## WHAT TO WORK ON
Look through the entries for the string "each" and copy every line where it shows up.

Entries taken from a collection:
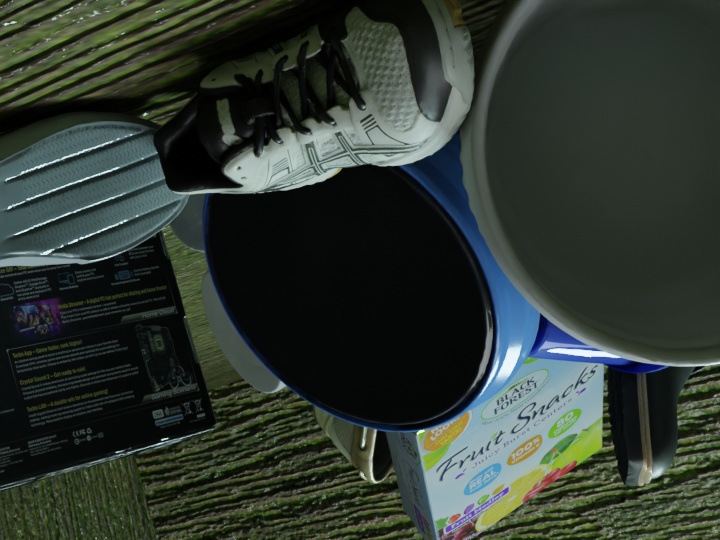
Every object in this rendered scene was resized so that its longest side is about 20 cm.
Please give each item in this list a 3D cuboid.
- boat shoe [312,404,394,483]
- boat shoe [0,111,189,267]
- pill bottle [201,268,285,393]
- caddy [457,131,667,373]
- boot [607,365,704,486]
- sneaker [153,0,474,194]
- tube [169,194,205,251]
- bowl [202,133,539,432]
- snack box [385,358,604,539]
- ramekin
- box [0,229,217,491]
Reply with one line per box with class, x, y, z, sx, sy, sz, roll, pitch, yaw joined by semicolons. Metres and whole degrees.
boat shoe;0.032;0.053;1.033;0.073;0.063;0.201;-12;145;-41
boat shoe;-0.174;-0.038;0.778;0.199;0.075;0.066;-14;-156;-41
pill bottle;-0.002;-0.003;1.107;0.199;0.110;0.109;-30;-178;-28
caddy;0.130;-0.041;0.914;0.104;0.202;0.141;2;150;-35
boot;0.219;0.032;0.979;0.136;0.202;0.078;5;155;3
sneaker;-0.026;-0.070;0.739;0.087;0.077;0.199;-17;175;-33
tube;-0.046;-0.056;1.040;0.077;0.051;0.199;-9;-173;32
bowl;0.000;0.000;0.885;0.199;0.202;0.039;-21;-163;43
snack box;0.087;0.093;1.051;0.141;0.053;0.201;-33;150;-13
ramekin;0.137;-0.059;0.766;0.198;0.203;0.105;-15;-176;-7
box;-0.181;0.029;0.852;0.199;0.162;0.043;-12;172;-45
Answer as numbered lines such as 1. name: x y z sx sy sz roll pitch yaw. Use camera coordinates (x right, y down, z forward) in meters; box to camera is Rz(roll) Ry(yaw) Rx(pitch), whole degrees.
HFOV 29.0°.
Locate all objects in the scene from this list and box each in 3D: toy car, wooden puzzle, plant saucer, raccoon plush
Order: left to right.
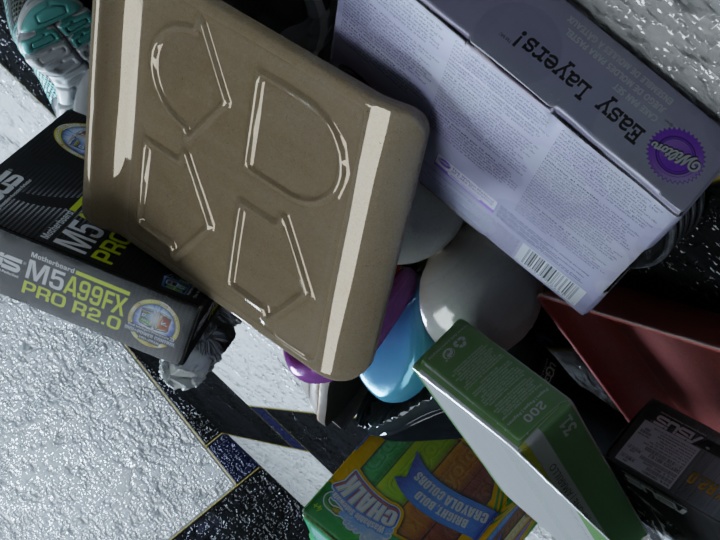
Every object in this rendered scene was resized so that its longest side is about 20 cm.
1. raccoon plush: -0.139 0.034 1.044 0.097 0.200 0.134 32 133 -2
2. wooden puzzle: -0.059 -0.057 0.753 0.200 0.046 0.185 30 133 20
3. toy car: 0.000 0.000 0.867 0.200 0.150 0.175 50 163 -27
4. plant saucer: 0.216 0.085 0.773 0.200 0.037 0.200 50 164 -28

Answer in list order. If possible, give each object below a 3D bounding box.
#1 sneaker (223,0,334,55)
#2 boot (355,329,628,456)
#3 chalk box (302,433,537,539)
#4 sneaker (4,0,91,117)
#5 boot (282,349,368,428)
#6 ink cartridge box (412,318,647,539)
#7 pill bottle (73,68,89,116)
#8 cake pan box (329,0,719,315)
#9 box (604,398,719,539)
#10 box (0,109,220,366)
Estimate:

## EXERCISE RESPONSE
Please give each item in this list a 3D cuboid.
Locate all objects in the scene from this list and box each in 3D: toy car, wooden puzzle, plant saucer, raccoon plush
Answer in list order. If possible, give each object below a 3D bounding box.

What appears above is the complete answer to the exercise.